Another example: I knew another CEO that had gone through the process of determining what needed to change in collaboration with his management team. Together they announced the change and strategy. One of the members of the management comittee, a very respected person who has been here for 25 years, did not support the change.  Publicly he smiled, but behind the CEOs back he was a major source of resistance. Those who supported this man were not willing to change because they were watching him: "If he´s not doing it I´m not doing it." It took the CEO one year and he finally fired the man. Within three months, the change was significantly moved forward. Sometimes making an example (appreciatively or critically) is the right answer for the system because the system is trying to figure out what is really important.
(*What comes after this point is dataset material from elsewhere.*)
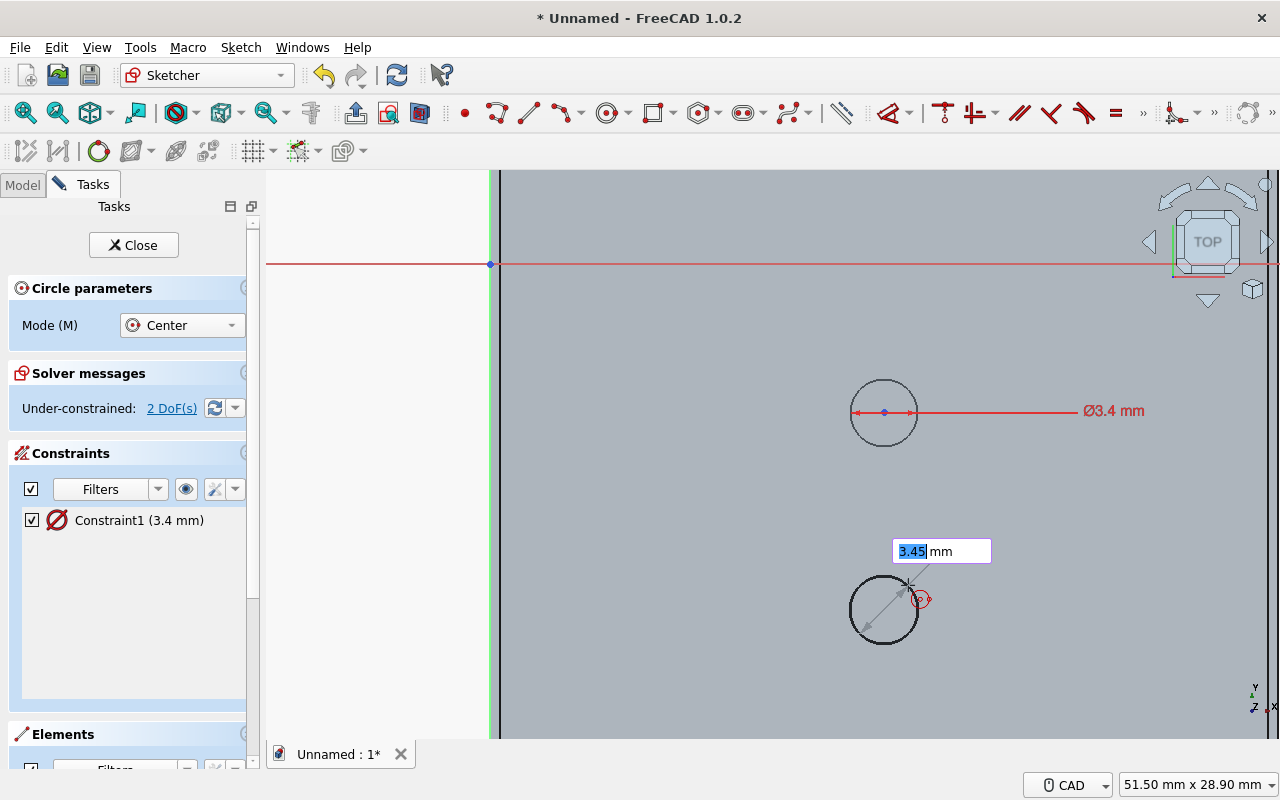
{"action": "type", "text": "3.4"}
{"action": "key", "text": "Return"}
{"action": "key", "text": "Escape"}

As long as this negative voice is still there, others don´t believe in what you are saying. As long as the person resisting is able to do that it seems to be ok. How we handle the resistance and the resistors makes a huge difference to the whole system. I´m a firm believer in "you can´t convince people to the change, you have to create the opportunity for them to convince themselves, that it is the right idea." That is what wholescale change is all about. It is about bringing the situation to the people in a way that allows them to understand it on their own terms and then act on it in their own way. When you do that almost always it is successful. But when you as a leader try to convince people, give them the rational and the explanations – even if you are right and really smart -  there is this natural reluctance to believe you, because "we used to be successful doing somthing else".
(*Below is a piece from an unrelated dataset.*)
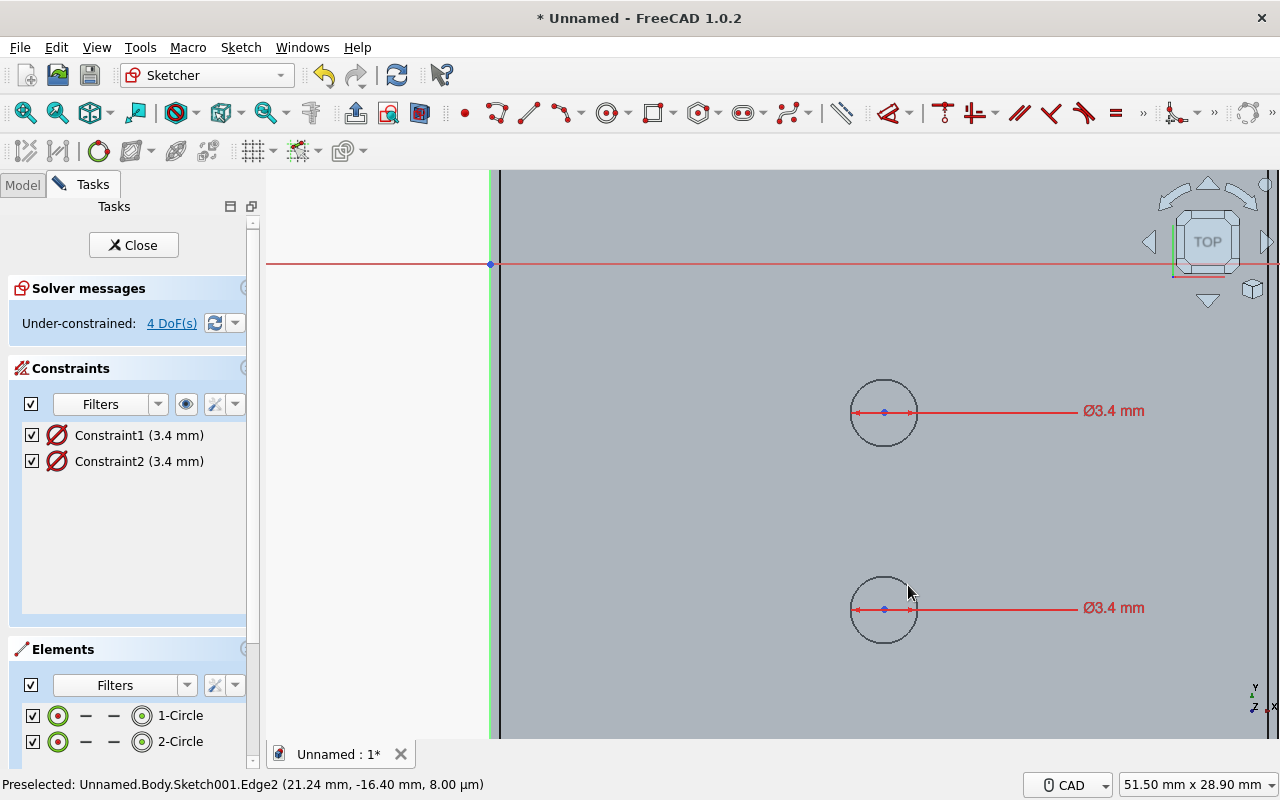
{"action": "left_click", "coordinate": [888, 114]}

25 years ago, the change management model was pretty much: you take a crosssection of employees and managers and union people and you "lock" them in a room for let´s say 6 months, most of the time working behind closed doors. You spent a great deal of time educating them, taking them to visit other organizations, seeing how other people do things, and when they finally would recommend what the change should be almost everybody, even their best friends, said: "You guys are crazy. I don´t know what you did the last year but this is the most stupid thing, I´ve ever heard." And they were shocked. So they were here and the system, was there, a mile back, they were not in the same place. So you have to go back, kind of recreating the whole process that we have been gone through, in order to convince the organization to do the change, which doubled the time to make it happen.

This was when I got so frustrated that I thought: Why not take the whole system on the journey somehow instead of 20 smart people? That was when I started to change my way of doing the Organization Design stuff. Most of the time it took 2-3 times the time to overcome the resistance to a good answer than to create the good answer. Why is it that way? That was 1982. It was a good process, it just din´t involve the right people. The fascinating thing was that we did not change the process, the steps that we went through but we changed the engagement,  who did it. When you work with 20 people working on something you can get into much more detail than with 200. So sometimes the depth of analysis or the thoroughness of what we did with the whole system wasn´t quite as rich as with 20 people. But ownership and commitment takes care of some of that, fixes that because people then figure out the detail.